15.4 Ten Controversial Ideas within the Software Fortress Model

As I write this, the basic ideas of the software fortress model have been presented in person to thousands of managers, architects , and developers and in writing to tens of thousands more. The acceptance of the model is enthusiastic. However, I have noticed that certain questions, uncertainties, and controversies seem to pop up over and over. This is probably a good place to deal with them. Here are the most common ten:

  1. Performance doesn't count. I have stated in this book several times that performance doesn't count. I have made this statement in two contexts: (1) drawbridge performance and (2) overall fortress performance.

    In the context of drawbridges , the cost of transporting an infogram is generally white noise in the background.

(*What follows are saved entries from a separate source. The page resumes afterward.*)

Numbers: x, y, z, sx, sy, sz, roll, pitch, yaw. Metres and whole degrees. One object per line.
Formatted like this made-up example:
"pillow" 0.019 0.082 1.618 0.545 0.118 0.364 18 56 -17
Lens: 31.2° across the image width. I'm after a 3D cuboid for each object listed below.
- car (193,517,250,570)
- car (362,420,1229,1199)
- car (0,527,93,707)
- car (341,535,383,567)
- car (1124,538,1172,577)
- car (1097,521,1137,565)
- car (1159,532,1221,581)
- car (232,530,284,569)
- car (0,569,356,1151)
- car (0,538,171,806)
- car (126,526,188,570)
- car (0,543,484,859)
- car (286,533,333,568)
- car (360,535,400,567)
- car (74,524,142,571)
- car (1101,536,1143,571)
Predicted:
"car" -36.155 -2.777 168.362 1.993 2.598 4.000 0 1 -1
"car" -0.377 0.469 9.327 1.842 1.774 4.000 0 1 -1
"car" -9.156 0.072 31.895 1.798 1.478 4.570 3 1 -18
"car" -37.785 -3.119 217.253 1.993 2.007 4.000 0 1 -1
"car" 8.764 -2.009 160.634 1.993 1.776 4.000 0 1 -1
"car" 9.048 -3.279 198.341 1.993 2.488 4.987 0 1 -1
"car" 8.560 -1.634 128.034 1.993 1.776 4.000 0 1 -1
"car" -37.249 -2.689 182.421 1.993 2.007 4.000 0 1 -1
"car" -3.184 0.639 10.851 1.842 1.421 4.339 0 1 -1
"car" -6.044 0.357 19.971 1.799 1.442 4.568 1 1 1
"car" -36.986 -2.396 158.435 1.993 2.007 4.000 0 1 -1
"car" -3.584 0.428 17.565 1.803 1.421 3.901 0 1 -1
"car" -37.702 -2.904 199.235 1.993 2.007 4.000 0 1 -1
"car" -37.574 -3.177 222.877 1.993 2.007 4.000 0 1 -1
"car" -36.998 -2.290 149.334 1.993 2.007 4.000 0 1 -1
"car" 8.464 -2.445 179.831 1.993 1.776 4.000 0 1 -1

Or at least it will be, if everything else has been well designed. Consider a donor fortress D working with an allied recipient fortress R. If D needs to work with R, it should make a very small number (preferably a number that looks a lot like one ) of infogram requests , so the cost of transporting those infograms should be small compared to the work R will be performing once the infograms have been received. If R does very little work after receiving the infogram, or if D needs to send many infograms to get its workload processed , then one of these issues, and not the cost of transporting a single infogram, will be the performance problem.

    In the context of fortresses , performance does count, but not as much as overall design. In my experience, implementors are notoriously unreliable when it comes to predicting performance problems. They often spend a great deal of time trying to optimize areas that ultimately make little or no difference to overall fortress performance. In a business application fortress, for example, overall performance will be dominated by the cost of the distributed transaction coordination, so trying to optimize a variable in a for loop is almost certainly a waste of time. Implementors are generally better off building with only minimal regard to performance, and then looking for bottlenecks and fixing them after the fact. These bottlenecks are almost never where they would have been predicted .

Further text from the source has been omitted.